Military analysts are warning about the limits of such an approach.
“If the U.S. does something and Assad is left standing ... without having suffered real serious, painful enough damage, the U.S looks weak and foolish,” said Eliot Cohen, a professor at the Johns Hopkins School of Advanced International Studies who has long been skeptical about relying on air power.
“Can you do damage with cruise missiles? Yes,” said Anthony Cordesman, military analyst with the Center for Strategic & International Studies, a Washington think tank. “Can you stop them from having chemical weapons capability? I would think the answer would be no. Should you limit yourself to just a kind of incremental retaliation? That doesn’t serve any strategic purpose. It doesn’t protect the Syrian people, it doesn’t push Assad out.”
In August 1998, days after al-Qaida bombed American embassies in Kenya and Tanzania, killing 224 people, including 12 Americans, President Bill Clinton signed off on plans to target bin Laden with cruise missiles, and the U.S. fired 75 of them into terrorist training camps in Afghanistan.

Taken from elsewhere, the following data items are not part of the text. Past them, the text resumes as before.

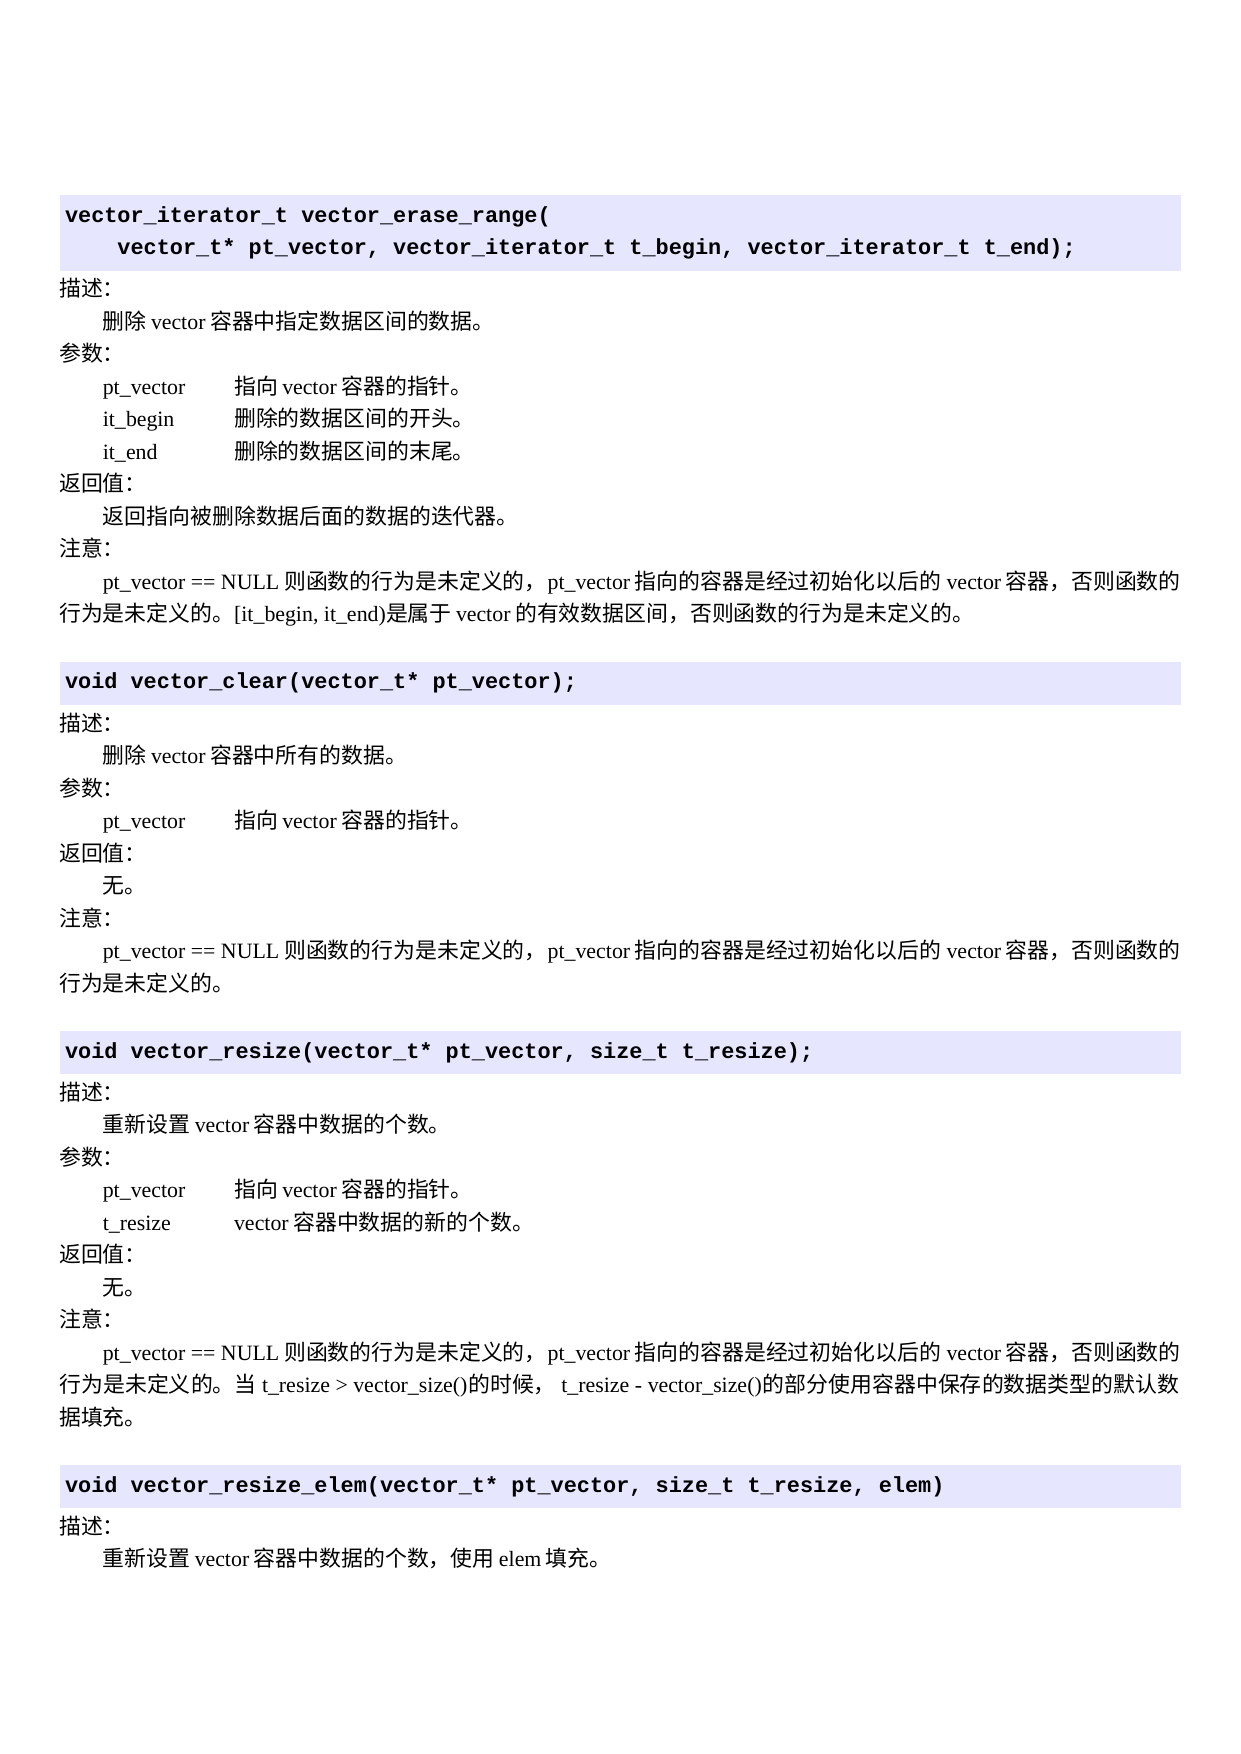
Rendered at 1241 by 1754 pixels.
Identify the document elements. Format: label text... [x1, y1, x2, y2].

text 参数： [59, 1139, 1181, 1172]
text 返回值： [59, 466, 1181, 498]
table_header void vector_clear(vector_t* pt_vector); [60, 662, 1181, 705]
text 删除vector容器中指定数据区间的数据。 [59, 303, 1181, 336]
text pt_vector 指向vector容器的指针。 [59, 803, 1181, 835]
text pt_vector == NULL则函数的行为是未定义的，pt_vector指向的容器是经过初始化以后的vector容器，否则函数的行为是未定义的。当t_resize > vector_size()的时候， t_resize - vector_size()的部分使用容器中保存的数据类型的默认数据填充。 [59, 1334, 1181, 1432]
text 注意： [59, 1302, 1181, 1334]
text 无。 [59, 1269, 1181, 1302]
table_header void vector_resize_elem(vector_t* pt_vector, size_t t_resize, elem) [60, 1465, 1181, 1508]
text 参数： [59, 770, 1181, 803]
text 描述： [59, 706, 1181, 738]
text pt_vector == NULL则函数的行为是未定义的，pt_vector指向的容器是经过初始化以后的vector容器，否则函数的行为是未定义的。[it_begin, it_end)是属于vector的有效数据区间，否则函数的行为是未定义的。 [59, 563, 1181, 628]
text pt_vector 指向vector容器的指针。 [59, 368, 1181, 401]
text 描述： [59, 1510, 1181, 1541]
text 注意： [59, 900, 1181, 933]
text 返回指向被删除数据后面的数据的迭代器。 [59, 498, 1181, 531]
text 重新设置vector容器中数据的个数。 [59, 1107, 1181, 1139]
table_header void vector_resize(vector_t* pt_vector, size_t t_resize); [60, 1031, 1181, 1074]
text 无。 [59, 868, 1181, 900]
text 删除vector容器中所有的数据。 [59, 738, 1181, 770]
text 描述： [59, 272, 1181, 303]
text 重新设置vector容器中数据的个数，使用elem填充。 [59, 1541, 1181, 1573]
text 返回值： [59, 1237, 1181, 1269]
text 描述： [59, 1075, 1181, 1107]
text it_begin 删除的数据区间的开头。 [59, 401, 1181, 433]
text it_end 删除的数据区间的末尾。 [59, 433, 1181, 466]
text pt_vector 指向vector容器的指针。 [59, 1172, 1181, 1204]
text 返回值： [59, 835, 1181, 868]
text t_resize vector容器中数据的新的个数。 [59, 1204, 1181, 1237]
table_header vector_iterator_t vector_erase_range( vector_t* pt_vector, vector_iterator_t t_begin, vector_iterator_t t_end); [60, 195, 1181, 271]
text 参数： [59, 336, 1181, 368]
text pt_vector == NULL则函数的行为是未定义的，pt_vector指向的容器是经过初始化以后的vector容器，否则函数的行为是未定义的。 [59, 933, 1181, 998]
text 注意： [59, 531, 1181, 563]

Operation Infinite Reach also targeted a pharmaceutical factory in Sudan that U.S. officials thought was making chemical weapons. Later evidence cast doubt on that claim.
Bin Laden canceled a planned meeting at one of the bombing sites, and he and many of his top lieutenants escaped unharmed. Documents declassified in 2008 suggested the strikes may have brought al-Qaida and the Taliban closer politically and ideologically.
A few months later, in December 1998, Clinton ordered Operation Desert Fox, designed to “strike military targets in Iraq that contributed to its ability to produce, store, maintain, and deliver weapons of mass destruction,” according to a Pentagon history.
Later evidence showed Saddam had shelved most of his WMD programs by then, but the attacks were considered a military success, having inflicted serious damage on Iraq’s missile development program.
However, Saddam’s regime survived, he ended U.N. weapons inspections, and the attacks weakened the international sanctions against him, analysts say.
“The lure of achieving a bloodless yet devastating military victory while making a rapid exit possible,” Conversino wrote, “led to the misapplication and abuse of air power.”